Pero también habrá consecuencias positivas. Muchos nos marcharemos,
aprenderemos nuevas lenguas y formas de vivir, y ganaremos un
cosmopolitismo que quizás algún día traeremos de vuelta. La progresiva
medicalización de la vida se resentirá, porque faltará dinero para
medicamentos. La tecnificación también, porque ya nadie querrá comprar
robots quirúrgicos para el escaparate, una de sus pocas utilidades
conocidas por el momento. El electoralismo de multiplicar hospitales
como panes y peces dará paso a que nos centremos más en las olvidadas
atención primaria y salud pública. La innovación empezará, como
verdaderamente debiera, por abajo.
El cambio, como recuerda José Luis Sampedro, es inevitable. Lo
importante es dirigirlo adecuadamente, algo que depende en gran parte de
nosotros. Por un lado, la respuesta cohesionada de los profesionales
sanitarios es imprescindible. No es momento para ombliguismos,
para reivindicar especialidades propias, calendarios vacunales únicos,
prescripciones enfermeras y demás intereses sectoriales más o menos
razonables. Con un enfoque equivocadamente corporativista, el sindicato
médico madrileño, Amyts, acaba de pedir una mesa de negociación
específica argumentando que “existe una diferencia clarísima entre
médicos y los demás trabajadores". Para que vean hasta donde llega la
segregación, los MIR de Madrid también han solicitado ir por su lado.
Francamente, compañeros, nuestros parciales intereses me importan un
bledo. Y se lo importan al resto de la sociedad. Fundamentalmente porque
el impacto que sobre la salud de las personas tendría la consecución de
esos objetivos específicos –el chocolate del loro-, no tiene, ni de
lejos, el que tendrán los recortes o la privatización de servicios que
ya empieza a afectar a los hospitales públicos tradicionales –véase el
caso de Castilla-la Mancha-.
Pero aunque médicos, enfermeras, celadores, administrativos, técnicos, personal de limpieza, y demás conformemos esa marea blanca que abra camino, una reivindicación ciudadana general será determinante. Por débil o fuerte que lo consideren, la marea multicolor
es lo único que se interpone entre nosotros y las fuerzas financieras,
económicas y políticas nacionales e internacionales que tratan de
desbaratar el sistema para, entre otras cosas, dar paso a sectores
afines que algo tienen de lo que describo.

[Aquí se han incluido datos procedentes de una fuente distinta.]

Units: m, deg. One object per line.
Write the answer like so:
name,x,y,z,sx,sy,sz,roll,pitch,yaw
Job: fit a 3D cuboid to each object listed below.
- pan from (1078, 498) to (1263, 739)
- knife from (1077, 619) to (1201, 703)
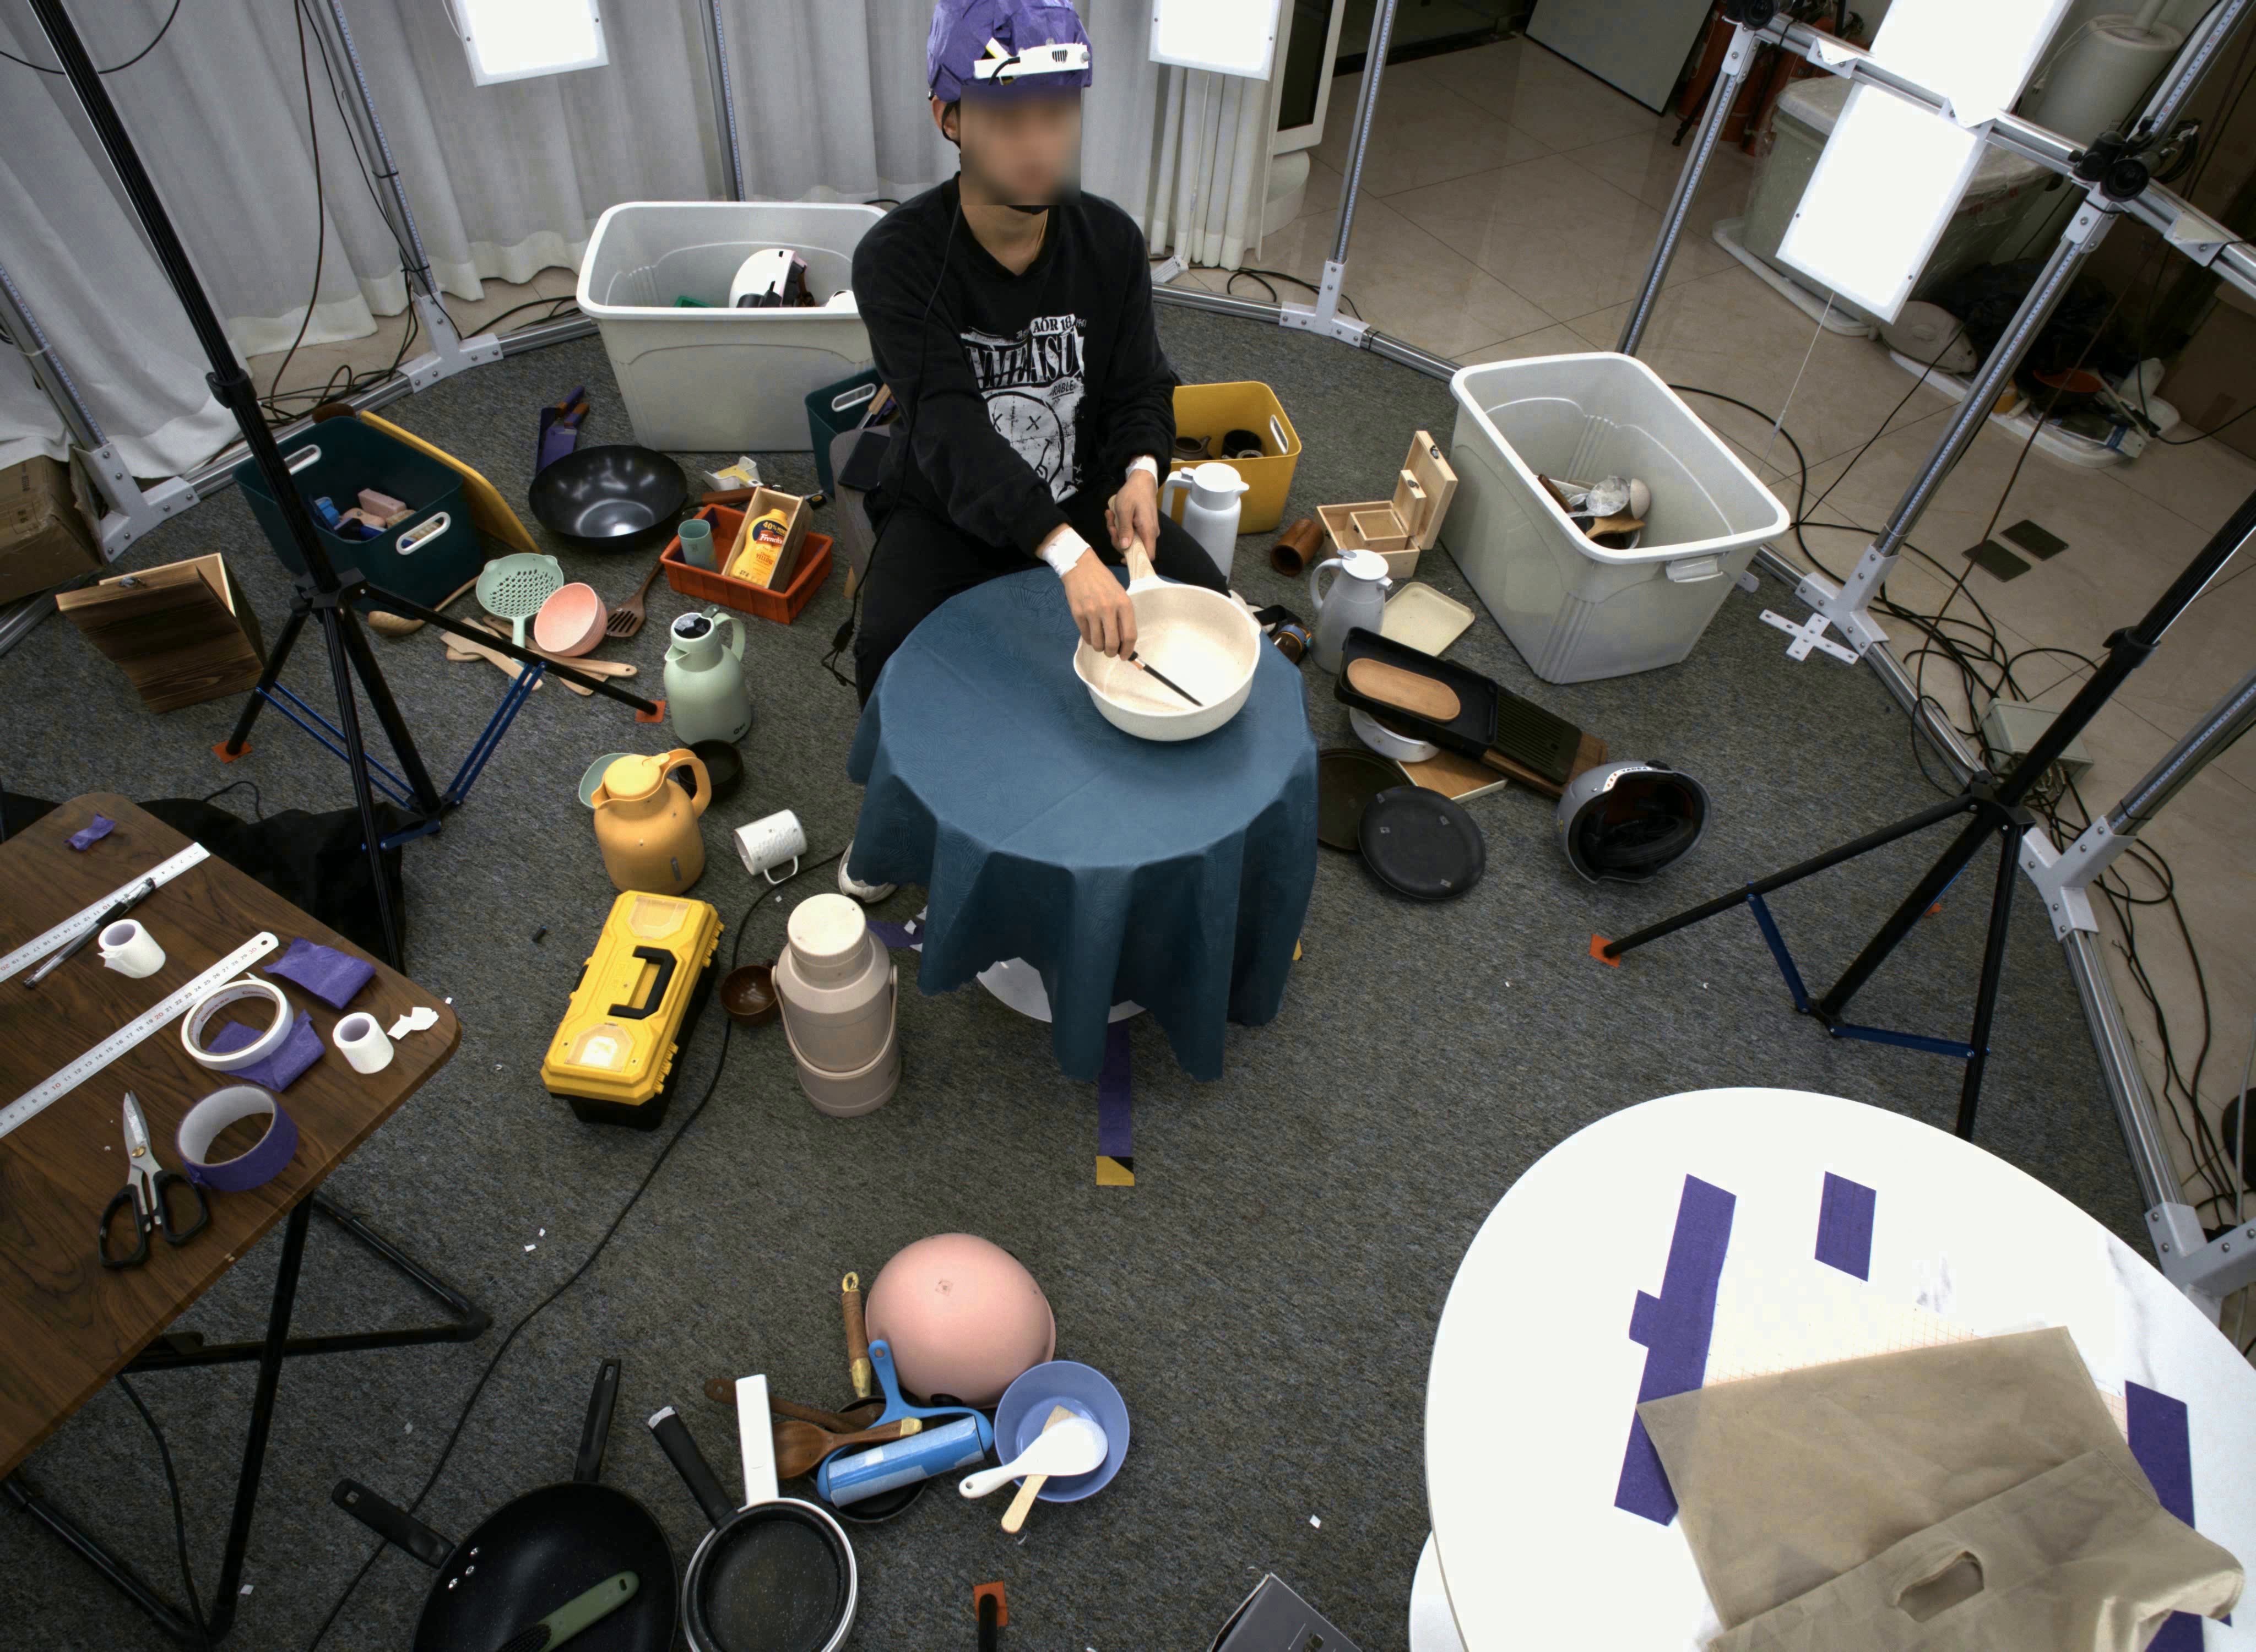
pan,0.040,-0.300,1.850,0.263,0.099,0.446,-15,52,-4
knife,0.025,-0.220,1.777,0.225,0.026,0.017,33,63,-2
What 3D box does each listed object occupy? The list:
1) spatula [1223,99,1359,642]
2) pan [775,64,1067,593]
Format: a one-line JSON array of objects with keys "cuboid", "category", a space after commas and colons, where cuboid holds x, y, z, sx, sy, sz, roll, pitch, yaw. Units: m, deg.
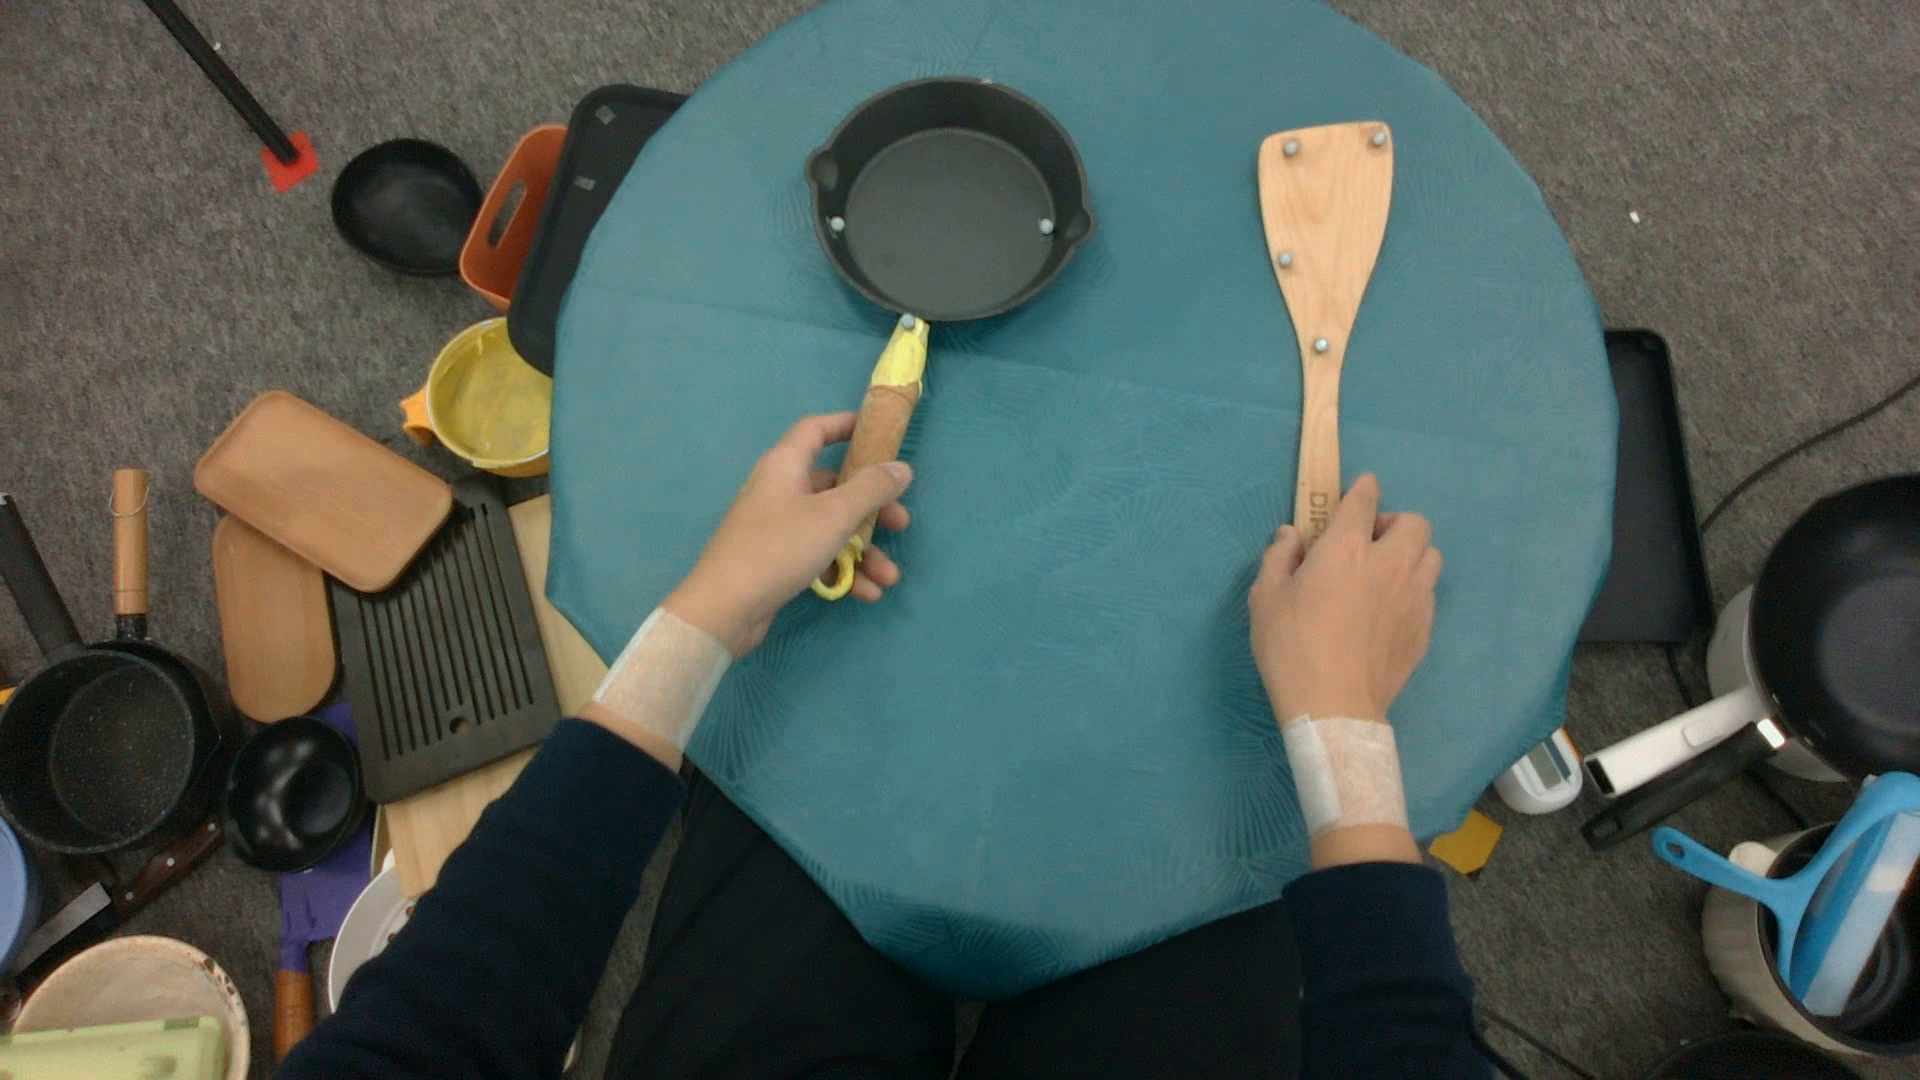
[{"cuboid": [0.188, -0.104, 0.773, 0.080, 0.016, 0.328, 2, 72, 3], "category": "spatula"}, {"cuboid": [-0.043, -0.121, 0.758, 0.169, 0.049, 0.325, 14, 72, 3], "category": "pan"}]

Ampliemos miras, reflexionemos con sensatez y centrémonos en el bien
común, porque es hora de preparar las barricadas. Los recortes no son ni
la única forma de responder a la crisis, ni inevitables. Nuestra
acción, o inacción, lo único que controlamos, sí puede hacerlos
inevitables. Y si piensa que a usted no le afecta, recuerde lo que
asegura Santiago Cervera, uno de los máximos exponentes sanitarios del
Partido Popular: “Todos somos indigentes en el ámbito sanitario porque
no podemos pagarnos un trasplante hepático”.
Aser García Rada es pediatra y periodista.